━━━━━ Provided records

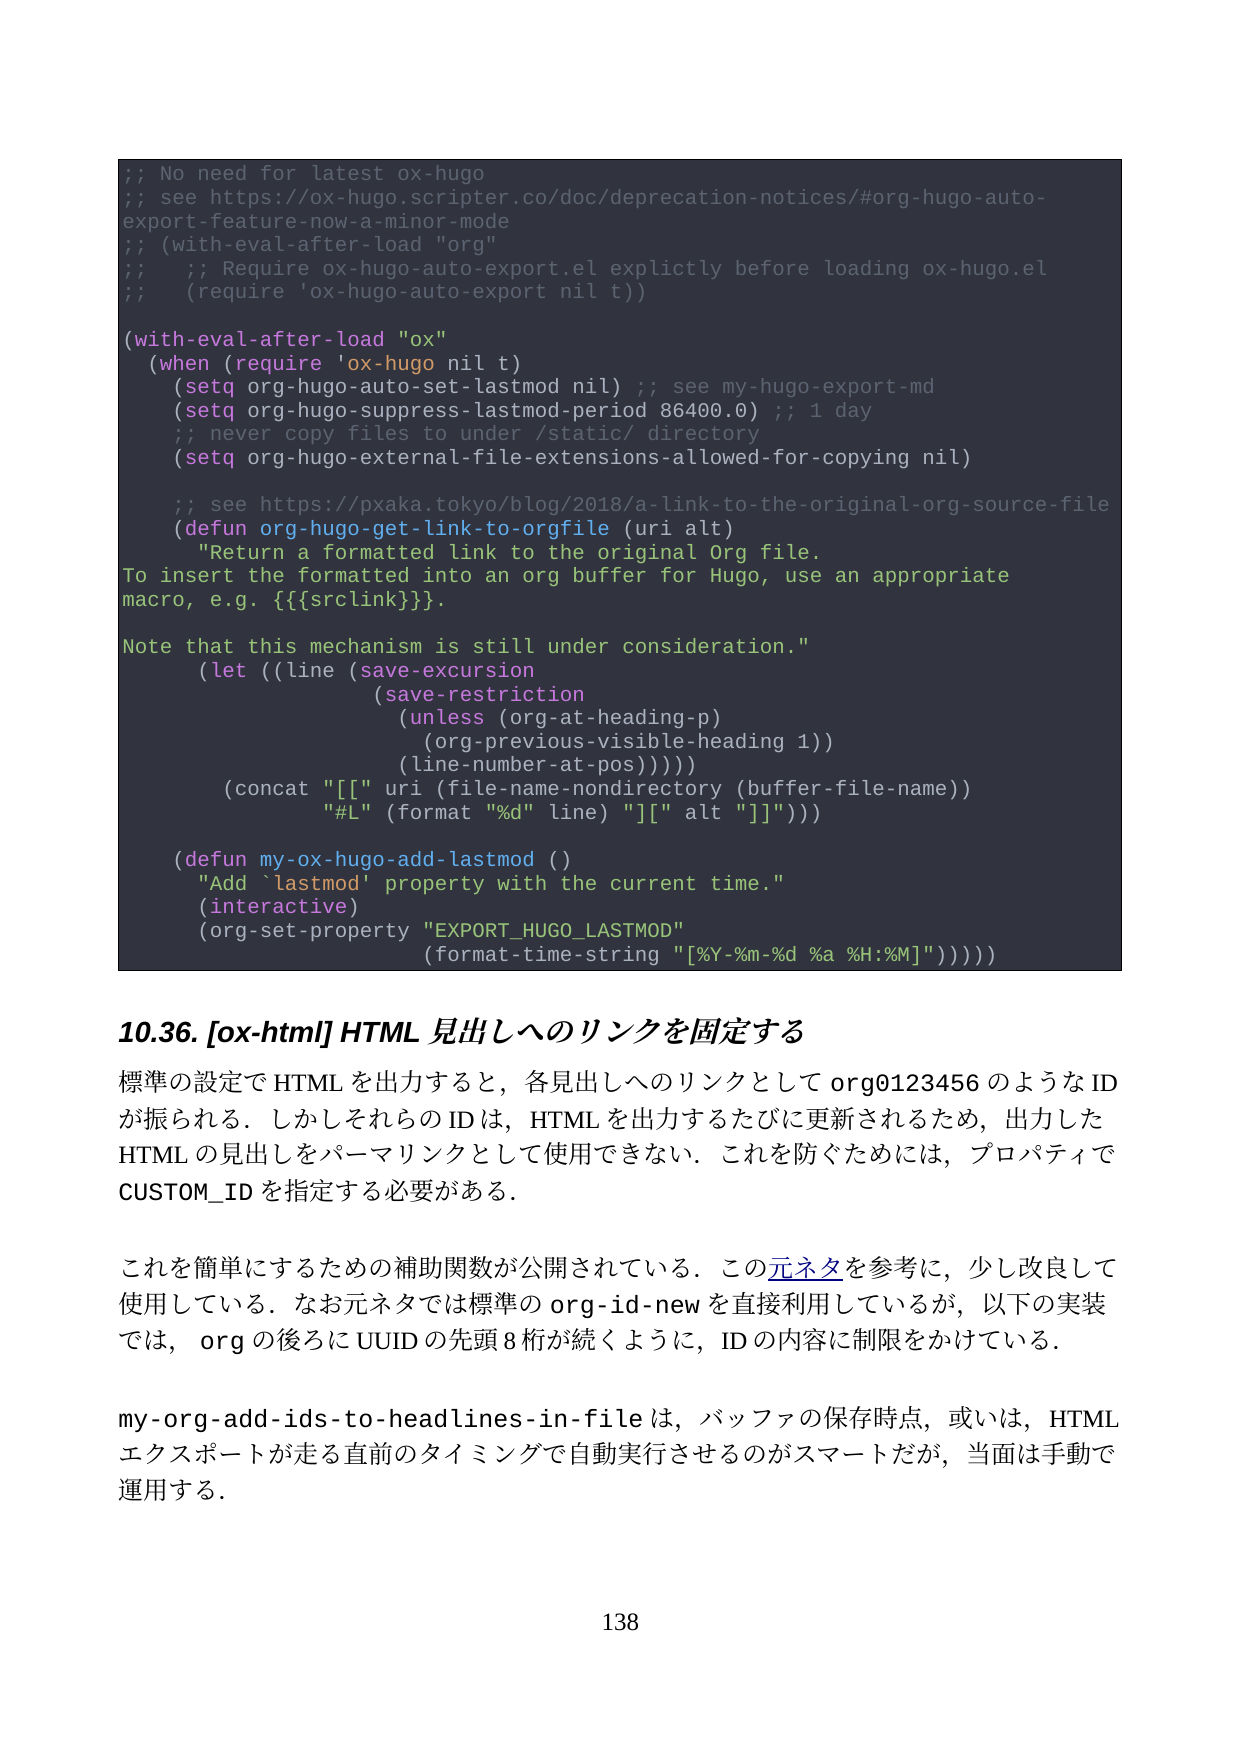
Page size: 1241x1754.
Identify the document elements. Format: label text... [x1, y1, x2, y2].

text To insert the formatted into an org buffer for Hugo, use an appropriate [119, 561, 1121, 585]
text (with-eval-after-load "ox" [119, 325, 1121, 348]
text ;; No need for latest ox-hugo [119, 160, 1121, 183]
list [156, 118, 1122, 147]
text macro, e.g. {{{srclink}}}. [119, 585, 1121, 609]
text ;; (with-eval-after-load "org" [119, 230, 1121, 254]
text "Add `lastmod' property with the current time." [119, 869, 1121, 892]
text (when (require 'ox-hugo nil t) [119, 348, 1121, 372]
text (save-restriction [119, 679, 1121, 703]
text (setq org-hugo-auto-set-lastmod nil) ;; see my-hugo-export-md [119, 372, 1121, 396]
text Note that this mechanism is still under consideration." [119, 632, 1121, 656]
text ;; never copy files to under /static/ directory [119, 419, 1121, 443]
text (setq org-hugo-suppress-lastmod-period 86400.0) ;; 1 day [119, 396, 1121, 419]
text (line-number-at-pos))))) [119, 751, 1121, 774]
text (let ((line (save-excursion [119, 656, 1121, 679]
text (unless (org-at-heading-p) [119, 703, 1121, 727]
text (org-set-property "EXPORT_HUGO_LASTMOD" [119, 916, 1121, 940]
text ;; see https://ox-hugo.scripter.co/doc/deprecation-notices/#org-hugo-auto-export-feature-now-a-minor-mode [119, 183, 1121, 230]
text (interactive) [119, 892, 1121, 916]
text (setq org-hugo-external-file-extensions-allowed-for-copying nil) [119, 443, 1121, 467]
text ;; (require 'ox-hugo-auto-export nil t)) [119, 278, 1121, 301]
text 標準の設定でHTMLを出力すると，各見出しへのリンクとして org0123456 のようなIDが振られる．しかしそれらのIDは，HTMLを出力するたびに更新されるため，出力したHTMLの見出しをパーマリンクとして使用できない．これを防ぐためには，プロパティで CUSTOM_ID を指定する必要がある． [118, 1063, 1122, 1236]
subtitle [ox-html] HTML見出しへのリンクを固定する [118, 1009, 1122, 1051]
text "Return a formatted link to the original Org file. [119, 538, 1121, 561]
text これを簡単にするための補助関数が公開されている．この元ネタを参考に，少し改良して使用している．なお元ネタでは標準の org-id-new を直接利用しているが，以下の実装では， org の後ろにUUIDの先頭8桁が続くように，IDの内容に制限をかけている． [118, 1249, 1122, 1386]
text ;; see https://pxaka.tokyo/blog/2018/a-link-to-the-original-org-source-file [119, 490, 1121, 514]
text (defun org-hugo-get-link-to-orgfile (uri alt) [119, 514, 1121, 538]
text "#L" (format "%d" line) "][" alt "]]"))) [119, 798, 1121, 821]
text (format-time-string "[%Y-%m-%d %a %H:%M]"))))) [119, 940, 1121, 970]
text (concat "[[" uri (file-name-nondirectory (buffer-file-name)) [119, 774, 1121, 798]
text ;; ;; Require ox-hugo-auto-export.el explictly before loading ox-hugo.el [119, 254, 1121, 278]
text my-org-add-ids-to-headlines-in-file は，バッファの保存時点，或いは，HTMLエクスポートが走る直前のタイミングで自動実行させるのがスマートだが，当面は手動で運用する． [118, 1398, 1122, 1535]
text (org-previous-visible-heading 1)) [119, 727, 1121, 751]
text (defun my-ox-hugo-add-lastmod () [119, 845, 1121, 869]

━━━━━━━━━━

Instructions to follow: Identify every line above with the string "auto" in it. Copy those lines.

Solution to this exercise:
text (setq org-hugo-auto-set-lastmod nil) ;; see my-hugo-export-md [119, 372, 1121, 396]
text ;; see https://ox-hugo.scripter.co/doc/deprecation-notices/#org-hugo-auto-export-feature-now-a-minor-mode [119, 183, 1121, 230]
text ;; (require 'ox-hugo-auto-export nil t)) [119, 278, 1121, 301]
text ;; ;; Require ox-hugo-auto-export.el explictly before loading ox-hugo.el [119, 254, 1121, 278]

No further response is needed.